BEGIN
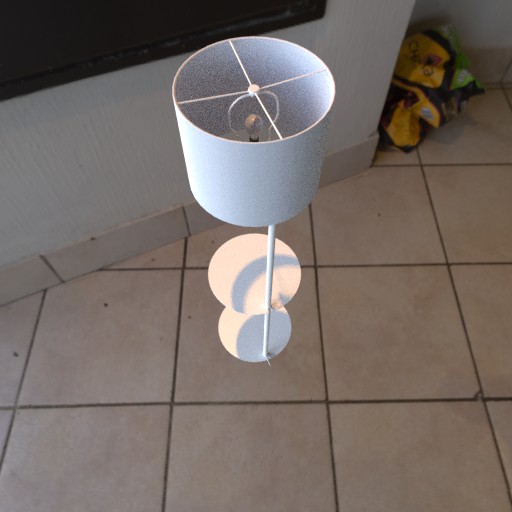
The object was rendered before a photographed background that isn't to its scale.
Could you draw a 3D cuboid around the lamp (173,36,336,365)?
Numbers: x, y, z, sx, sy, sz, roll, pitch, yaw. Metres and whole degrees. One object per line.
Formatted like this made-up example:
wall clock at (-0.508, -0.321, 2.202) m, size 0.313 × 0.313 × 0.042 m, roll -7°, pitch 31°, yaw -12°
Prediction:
lamp at (0.000, 0.000, 1.633) m, size 0.372 × 1.465 × 0.405 m, roll -17°, pitch 60°, yaw -10°
END
Which lines run from the one containing "Could you draw" to the end of the data? Output them exactly, with nothing added.

Could you draw a 3D cuboid around the lamp (173,36,336,365)?
Numbers: x, y, z, sx, sy, sz, roll, pitch, yaw. Metres and whole degrees. One object per line.
Formatted like this made-up example:
wall clock at (-0.508, -0.321, 2.202) m, size 0.313 × 0.313 × 0.042 m, roll -7°, pitch 31°, yaw -12°
Prediction:
lamp at (0.000, 0.000, 1.633) m, size 0.372 × 1.465 × 0.405 m, roll -17°, pitch 60°, yaw -10°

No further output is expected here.